L’officialisation de la place Catherine Flon est l’occasion de souligner les contributions passées et présentes des femmes à la société et de reconnaître que le travail des femmes de tous les milieux fait partie intégrante du patrimoine de notre pays. C’est aussi l’occasion de prendre conscience de tout ce que nous devons aujourd’hui à nos aïeules qui ont fait avancer la cause de notre nation.
Muettes, absentes, oubliées, les femmes ont longtemps été victimes du silence assourdissant de l’histoire. Mises en retrait de l’espace public de par la tradition patriarcale, vouée aux tâches de reproduction, elles étaient secondes, auxiliaires, muses ou compagnes, vigoureusement. Comme si au cours de nos 200 ans d’Histoire, les femmes n’avaient laissé aucune trace, rien que le lent renouvellement des générations. Une femme meurt, une autre la remplace, elles ne seraient là que pour porter les enfants, pas de pensée, pas d’écrits... Pas de droits civiques ou politiques. Catherine Flon avait cousu le drapeau, mais elle n’avait pas le droit de se prononcer sur la destiné de sa Nation, elle n’avait pas droit de cité. Or, nous femmes, nous savons que : les femmes ont agi, créé, pensé, lutté, écrit. Le problème vient du silence et des préjugés qui ont recouvert leurs actes.
Mépris des tâches liées à la reproduction que les femmes se devaient, et qu’elles se doivent encore aujourd’hui au nom d’une division sexuelle du travail, d’assumer seules. Comment pourrions célébrer aujourd’hui avec tant de fierté notre drapeau, symbole de notre nation, s’il n’y avait pas eu des mains pour coudre ce drapeau. Des mains de femmes !
Mépris aussi de la parole des femmes, de nos revendications, en nous écartant des espaces de décision. Mépris tant du côté des décideurs étatiques, que des décideurs politiques, de la presse et de la société civile. Si toutes les forces vives étaient prêtes à répéter après nous le fameux mot de condamnation du régime déchu durant la mobilisation générale, aujourd’hui, nombre d’entre elles s’accordent pour nous écarter.

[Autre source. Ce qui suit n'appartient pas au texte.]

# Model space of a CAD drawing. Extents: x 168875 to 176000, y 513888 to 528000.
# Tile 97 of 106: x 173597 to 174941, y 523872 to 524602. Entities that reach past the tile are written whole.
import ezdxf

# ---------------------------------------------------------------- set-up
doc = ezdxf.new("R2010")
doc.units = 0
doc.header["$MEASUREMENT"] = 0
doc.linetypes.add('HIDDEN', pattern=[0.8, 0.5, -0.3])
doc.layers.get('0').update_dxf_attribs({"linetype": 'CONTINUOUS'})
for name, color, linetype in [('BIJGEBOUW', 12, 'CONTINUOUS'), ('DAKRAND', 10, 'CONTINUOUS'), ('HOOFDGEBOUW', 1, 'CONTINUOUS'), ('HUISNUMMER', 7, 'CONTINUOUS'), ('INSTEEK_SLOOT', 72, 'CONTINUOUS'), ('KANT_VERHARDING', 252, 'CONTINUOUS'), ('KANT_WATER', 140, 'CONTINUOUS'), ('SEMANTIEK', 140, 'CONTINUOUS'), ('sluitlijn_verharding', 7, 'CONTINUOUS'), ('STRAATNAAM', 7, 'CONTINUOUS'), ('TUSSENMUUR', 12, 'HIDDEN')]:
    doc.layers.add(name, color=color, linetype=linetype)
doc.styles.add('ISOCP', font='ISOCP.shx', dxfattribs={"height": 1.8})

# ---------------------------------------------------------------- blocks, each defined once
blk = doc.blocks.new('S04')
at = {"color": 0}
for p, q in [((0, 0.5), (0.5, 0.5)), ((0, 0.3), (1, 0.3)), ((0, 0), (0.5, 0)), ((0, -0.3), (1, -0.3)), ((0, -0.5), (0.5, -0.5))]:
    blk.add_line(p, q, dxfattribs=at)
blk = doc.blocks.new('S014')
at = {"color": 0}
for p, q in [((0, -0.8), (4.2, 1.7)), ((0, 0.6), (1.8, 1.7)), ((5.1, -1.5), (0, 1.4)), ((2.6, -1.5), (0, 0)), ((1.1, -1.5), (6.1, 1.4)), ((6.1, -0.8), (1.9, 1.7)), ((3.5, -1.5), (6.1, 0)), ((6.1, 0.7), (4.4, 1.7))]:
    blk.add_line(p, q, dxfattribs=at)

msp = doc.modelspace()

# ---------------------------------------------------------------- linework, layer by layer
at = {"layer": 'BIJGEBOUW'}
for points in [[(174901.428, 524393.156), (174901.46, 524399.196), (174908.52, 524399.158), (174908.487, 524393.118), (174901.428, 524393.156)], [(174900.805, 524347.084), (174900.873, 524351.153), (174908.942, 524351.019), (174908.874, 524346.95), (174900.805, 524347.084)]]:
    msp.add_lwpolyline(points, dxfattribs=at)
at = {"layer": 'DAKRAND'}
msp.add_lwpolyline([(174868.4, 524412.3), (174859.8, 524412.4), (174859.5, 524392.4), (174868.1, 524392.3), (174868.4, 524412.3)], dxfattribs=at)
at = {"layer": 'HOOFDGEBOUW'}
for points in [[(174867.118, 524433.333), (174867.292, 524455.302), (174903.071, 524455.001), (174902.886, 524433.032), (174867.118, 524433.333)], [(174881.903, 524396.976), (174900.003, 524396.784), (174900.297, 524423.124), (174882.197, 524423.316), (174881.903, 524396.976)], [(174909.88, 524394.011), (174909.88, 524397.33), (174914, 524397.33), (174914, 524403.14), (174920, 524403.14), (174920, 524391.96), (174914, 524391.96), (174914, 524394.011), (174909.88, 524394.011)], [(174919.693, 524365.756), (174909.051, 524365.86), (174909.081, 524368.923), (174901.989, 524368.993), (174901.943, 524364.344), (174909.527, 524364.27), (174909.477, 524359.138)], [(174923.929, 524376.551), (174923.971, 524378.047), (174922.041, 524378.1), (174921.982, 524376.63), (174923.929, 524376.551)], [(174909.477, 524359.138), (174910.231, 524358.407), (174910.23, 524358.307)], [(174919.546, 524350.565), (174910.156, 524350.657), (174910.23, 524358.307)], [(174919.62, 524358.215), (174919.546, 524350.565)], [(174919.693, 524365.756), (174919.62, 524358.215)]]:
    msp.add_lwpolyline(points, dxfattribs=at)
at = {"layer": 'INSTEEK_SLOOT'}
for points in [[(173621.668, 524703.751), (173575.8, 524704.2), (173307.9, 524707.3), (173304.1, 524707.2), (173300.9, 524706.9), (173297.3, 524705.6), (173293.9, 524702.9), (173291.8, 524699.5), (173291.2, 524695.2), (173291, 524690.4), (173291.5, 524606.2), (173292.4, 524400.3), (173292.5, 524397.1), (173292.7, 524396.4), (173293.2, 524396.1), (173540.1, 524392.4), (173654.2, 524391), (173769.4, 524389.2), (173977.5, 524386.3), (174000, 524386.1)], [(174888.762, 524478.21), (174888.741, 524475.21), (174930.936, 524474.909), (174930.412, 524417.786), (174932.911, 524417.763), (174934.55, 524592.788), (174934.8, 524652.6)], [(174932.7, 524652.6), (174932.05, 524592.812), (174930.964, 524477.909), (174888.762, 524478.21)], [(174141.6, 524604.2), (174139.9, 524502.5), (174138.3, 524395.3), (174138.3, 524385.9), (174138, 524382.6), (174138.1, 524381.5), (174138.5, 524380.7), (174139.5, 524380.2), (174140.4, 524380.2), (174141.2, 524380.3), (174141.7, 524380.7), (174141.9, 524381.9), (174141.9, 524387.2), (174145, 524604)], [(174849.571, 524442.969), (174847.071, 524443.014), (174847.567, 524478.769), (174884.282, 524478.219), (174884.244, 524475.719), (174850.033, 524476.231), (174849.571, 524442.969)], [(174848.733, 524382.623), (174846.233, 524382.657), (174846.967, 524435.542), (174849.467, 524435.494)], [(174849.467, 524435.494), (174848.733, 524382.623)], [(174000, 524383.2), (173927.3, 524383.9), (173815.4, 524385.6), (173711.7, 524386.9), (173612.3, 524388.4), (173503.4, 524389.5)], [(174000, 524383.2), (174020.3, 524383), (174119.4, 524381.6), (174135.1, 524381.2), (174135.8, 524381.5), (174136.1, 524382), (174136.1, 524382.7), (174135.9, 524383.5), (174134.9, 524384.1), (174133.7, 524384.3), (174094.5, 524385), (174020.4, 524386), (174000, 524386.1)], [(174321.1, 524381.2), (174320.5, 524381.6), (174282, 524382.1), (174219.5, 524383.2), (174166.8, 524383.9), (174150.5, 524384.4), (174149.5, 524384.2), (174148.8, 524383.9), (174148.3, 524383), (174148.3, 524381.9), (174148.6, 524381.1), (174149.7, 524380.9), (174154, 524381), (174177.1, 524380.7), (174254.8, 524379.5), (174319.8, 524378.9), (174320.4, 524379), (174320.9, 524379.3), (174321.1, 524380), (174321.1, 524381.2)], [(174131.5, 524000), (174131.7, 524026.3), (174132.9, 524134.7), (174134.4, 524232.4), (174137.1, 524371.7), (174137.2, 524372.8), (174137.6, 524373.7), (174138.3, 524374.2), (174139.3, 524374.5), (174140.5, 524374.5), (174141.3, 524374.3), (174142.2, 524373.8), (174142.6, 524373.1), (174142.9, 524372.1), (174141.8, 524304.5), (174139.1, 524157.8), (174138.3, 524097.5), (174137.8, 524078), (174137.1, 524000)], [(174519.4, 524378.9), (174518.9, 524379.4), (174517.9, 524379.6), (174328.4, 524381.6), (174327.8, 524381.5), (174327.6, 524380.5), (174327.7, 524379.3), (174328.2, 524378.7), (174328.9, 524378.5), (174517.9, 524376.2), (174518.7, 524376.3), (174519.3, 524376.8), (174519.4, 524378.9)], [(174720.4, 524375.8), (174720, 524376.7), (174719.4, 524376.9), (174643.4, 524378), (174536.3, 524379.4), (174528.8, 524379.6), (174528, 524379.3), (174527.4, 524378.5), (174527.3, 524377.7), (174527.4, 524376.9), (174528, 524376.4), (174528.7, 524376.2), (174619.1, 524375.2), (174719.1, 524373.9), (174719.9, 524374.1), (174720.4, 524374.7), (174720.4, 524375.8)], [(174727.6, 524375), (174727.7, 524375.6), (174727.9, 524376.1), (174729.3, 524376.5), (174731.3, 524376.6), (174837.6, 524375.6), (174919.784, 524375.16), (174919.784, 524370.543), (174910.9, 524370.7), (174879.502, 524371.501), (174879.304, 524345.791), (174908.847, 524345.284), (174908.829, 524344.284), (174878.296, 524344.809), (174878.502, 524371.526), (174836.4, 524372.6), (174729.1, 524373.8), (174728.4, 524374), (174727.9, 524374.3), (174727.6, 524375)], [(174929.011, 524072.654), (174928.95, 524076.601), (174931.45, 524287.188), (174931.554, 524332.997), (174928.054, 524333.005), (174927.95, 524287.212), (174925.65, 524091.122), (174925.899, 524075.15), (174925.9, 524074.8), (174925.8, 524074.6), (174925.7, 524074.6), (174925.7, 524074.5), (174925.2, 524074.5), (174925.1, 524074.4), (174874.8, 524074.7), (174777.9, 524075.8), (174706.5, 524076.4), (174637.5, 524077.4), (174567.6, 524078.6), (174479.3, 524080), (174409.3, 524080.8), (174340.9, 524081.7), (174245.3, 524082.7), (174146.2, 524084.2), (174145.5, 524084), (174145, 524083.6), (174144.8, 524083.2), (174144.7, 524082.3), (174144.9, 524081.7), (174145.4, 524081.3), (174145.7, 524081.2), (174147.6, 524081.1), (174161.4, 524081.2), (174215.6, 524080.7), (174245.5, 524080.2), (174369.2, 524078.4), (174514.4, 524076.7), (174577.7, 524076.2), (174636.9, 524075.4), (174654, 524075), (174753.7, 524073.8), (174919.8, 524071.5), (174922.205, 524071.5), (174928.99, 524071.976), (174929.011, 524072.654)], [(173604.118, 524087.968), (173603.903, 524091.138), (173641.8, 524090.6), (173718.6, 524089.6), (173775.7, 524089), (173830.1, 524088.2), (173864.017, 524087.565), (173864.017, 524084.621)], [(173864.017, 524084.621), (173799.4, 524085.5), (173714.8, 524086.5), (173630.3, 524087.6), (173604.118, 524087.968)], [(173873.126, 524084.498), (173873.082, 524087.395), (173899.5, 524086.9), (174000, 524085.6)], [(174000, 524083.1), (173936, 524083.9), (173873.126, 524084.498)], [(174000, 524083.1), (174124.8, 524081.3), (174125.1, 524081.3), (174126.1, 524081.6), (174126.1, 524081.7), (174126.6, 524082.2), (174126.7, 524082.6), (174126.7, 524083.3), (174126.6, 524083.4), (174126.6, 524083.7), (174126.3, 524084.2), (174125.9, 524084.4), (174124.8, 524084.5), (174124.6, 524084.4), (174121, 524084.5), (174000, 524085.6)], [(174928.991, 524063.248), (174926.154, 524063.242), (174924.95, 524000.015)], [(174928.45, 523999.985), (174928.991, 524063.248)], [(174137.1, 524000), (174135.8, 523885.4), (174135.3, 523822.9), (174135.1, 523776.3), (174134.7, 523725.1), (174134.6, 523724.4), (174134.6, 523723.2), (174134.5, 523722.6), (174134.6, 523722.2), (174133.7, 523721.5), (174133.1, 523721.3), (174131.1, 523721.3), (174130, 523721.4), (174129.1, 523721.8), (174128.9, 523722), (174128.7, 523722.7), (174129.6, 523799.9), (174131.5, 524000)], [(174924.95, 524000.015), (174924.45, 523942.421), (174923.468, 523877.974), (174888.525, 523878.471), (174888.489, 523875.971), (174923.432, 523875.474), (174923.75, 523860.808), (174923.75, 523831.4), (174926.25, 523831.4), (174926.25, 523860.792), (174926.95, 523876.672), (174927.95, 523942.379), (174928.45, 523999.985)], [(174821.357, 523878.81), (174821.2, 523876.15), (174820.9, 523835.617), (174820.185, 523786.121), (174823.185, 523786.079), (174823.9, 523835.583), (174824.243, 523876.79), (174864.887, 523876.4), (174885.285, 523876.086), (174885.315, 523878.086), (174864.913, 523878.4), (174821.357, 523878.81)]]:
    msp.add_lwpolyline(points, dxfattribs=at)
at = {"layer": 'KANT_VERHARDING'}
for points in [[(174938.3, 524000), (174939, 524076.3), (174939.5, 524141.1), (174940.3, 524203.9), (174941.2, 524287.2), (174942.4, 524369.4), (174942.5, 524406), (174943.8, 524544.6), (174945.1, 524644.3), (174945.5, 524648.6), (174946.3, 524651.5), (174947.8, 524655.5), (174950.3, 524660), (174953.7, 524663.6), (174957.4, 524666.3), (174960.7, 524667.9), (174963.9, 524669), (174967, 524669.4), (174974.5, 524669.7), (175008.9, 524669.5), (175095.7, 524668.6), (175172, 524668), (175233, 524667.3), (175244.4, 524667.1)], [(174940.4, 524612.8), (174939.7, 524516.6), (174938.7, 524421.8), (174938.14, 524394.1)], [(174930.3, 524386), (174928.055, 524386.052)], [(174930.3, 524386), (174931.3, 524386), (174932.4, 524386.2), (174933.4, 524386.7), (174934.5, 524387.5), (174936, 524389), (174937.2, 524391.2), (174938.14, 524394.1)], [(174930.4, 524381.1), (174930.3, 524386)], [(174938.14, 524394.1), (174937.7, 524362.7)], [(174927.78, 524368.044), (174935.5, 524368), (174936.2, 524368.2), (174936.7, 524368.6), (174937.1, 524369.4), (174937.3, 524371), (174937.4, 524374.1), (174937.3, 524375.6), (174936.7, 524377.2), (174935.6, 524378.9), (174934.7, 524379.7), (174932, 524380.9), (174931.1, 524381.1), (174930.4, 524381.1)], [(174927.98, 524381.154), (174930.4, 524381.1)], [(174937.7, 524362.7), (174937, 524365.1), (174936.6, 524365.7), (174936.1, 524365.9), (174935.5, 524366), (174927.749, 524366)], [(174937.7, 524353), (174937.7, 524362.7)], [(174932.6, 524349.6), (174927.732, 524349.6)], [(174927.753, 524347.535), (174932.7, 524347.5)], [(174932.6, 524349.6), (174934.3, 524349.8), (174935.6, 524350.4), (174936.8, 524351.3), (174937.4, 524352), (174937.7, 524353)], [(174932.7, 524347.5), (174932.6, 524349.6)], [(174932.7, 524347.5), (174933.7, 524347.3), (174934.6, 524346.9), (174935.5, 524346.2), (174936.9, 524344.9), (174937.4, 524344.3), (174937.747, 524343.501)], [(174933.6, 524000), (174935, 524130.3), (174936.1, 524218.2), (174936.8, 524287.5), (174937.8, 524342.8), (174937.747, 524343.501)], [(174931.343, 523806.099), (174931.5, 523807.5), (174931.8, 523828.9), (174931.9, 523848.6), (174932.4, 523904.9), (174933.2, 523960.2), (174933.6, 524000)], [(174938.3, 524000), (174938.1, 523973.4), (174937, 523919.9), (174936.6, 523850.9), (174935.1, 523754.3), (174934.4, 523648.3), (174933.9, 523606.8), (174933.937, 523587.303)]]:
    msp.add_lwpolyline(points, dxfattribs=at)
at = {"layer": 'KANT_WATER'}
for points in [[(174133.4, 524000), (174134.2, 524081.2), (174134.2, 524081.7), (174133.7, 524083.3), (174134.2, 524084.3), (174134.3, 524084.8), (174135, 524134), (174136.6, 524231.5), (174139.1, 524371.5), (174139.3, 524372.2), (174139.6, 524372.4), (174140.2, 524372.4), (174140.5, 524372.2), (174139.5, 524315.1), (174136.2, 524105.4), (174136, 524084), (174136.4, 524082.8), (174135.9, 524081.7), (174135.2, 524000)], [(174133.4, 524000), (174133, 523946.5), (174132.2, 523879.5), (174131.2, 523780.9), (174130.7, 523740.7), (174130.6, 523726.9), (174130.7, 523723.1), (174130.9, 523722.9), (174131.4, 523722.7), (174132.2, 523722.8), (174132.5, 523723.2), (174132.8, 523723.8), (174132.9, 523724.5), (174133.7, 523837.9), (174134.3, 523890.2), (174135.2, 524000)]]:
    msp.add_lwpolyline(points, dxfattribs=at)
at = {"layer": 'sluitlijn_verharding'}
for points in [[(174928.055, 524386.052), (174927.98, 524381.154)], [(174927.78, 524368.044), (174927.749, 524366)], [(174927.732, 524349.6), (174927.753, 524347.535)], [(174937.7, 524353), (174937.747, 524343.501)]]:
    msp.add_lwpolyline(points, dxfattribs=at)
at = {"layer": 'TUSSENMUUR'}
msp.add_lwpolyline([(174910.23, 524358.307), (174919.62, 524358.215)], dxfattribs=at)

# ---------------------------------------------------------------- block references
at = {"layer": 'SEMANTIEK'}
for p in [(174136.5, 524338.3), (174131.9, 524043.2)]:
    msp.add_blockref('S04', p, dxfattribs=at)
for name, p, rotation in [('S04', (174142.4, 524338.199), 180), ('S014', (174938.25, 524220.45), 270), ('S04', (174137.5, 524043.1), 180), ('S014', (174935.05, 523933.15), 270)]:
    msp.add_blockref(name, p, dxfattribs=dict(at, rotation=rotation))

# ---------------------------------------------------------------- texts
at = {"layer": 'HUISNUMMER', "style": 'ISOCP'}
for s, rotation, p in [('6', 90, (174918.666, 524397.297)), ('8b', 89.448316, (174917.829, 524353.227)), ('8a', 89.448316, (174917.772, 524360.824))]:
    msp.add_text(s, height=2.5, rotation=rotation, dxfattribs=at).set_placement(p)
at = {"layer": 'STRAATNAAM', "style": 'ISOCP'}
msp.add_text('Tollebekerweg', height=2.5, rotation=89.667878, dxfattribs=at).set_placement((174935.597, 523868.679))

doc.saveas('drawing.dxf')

Les acteurs sociaux et spécialement les actrices sociales en quête d’affirmation d’elles-mêmes (tels les humbles, les nationalistes sans nation, les colonisés...), ont besoin d’histoire et du droit au passé. Ce besoin est parfaitement légitime ! Nous féministes réunies au sein de la CONAP avons décidé d’écrire notre histoire. En donnant naissance à la Place Catherine Flon le 18 mai 2000, nous voulions raviver l’histoire de nos aïeules, car conscience que la démocratie était en danger, nous voulions puiser dans l’exemple de nos héroïnes pour secouer la conscience nationale.
Nous avons été depuis 1997, tour à tour :
• Défilé parcourant les rues de la ville à la recherche des miettes de notre espoir collectif ;
• Marie Jeanne, Toya, Sanite Belaire, Cecile Fatima, Pierette Jilobois, Claire Heureuse, Suzane Louverture, Marie Louise, Guillonet Charlot, et tant d’autres défendant les traditions libertaires de nos populations, et
Nous avons aussi été Catherine Flon veillant sur cette nation et recousant ce drapeau laissé en lambeau.
Notre démocratie est toujours en danger, surtout avec la présence de troupes étrangères, et nous féministes nous allons continuer de nous impliquer comme par le passé. Augurons seulement que cet effort de redressement des torts fait aux femmes que constitue l’officialisation de la place Catherine Flon, notre place, ne s’arrêtera pas là . Que les décideurs étatiques comme les autres décideurs auront tourné la page du mépris des femmes. Nous allons veiller à ce que cela soit ainsi !
Mesdames mes concitoyennes, Messieurs mes concitoyens l’établissement d’une véritable citoyenneté commande la reconnaissance de toutes et tous
En conclusion, permettez moi en ce moment particulier d’avoir une pensé spéciale pour des contemporaines qui sont aujourd’hui loin du pays, des complices infatigables de luttes : Marie Frantz, Clorindre vous pouvez vous réjouir aujourd’hui. Permettez moi aussi d’avoir une pensé plus spéciale pour ces aînées de la Ligue Féminine d’Action sociale qui ont su si bien nous tracer la route.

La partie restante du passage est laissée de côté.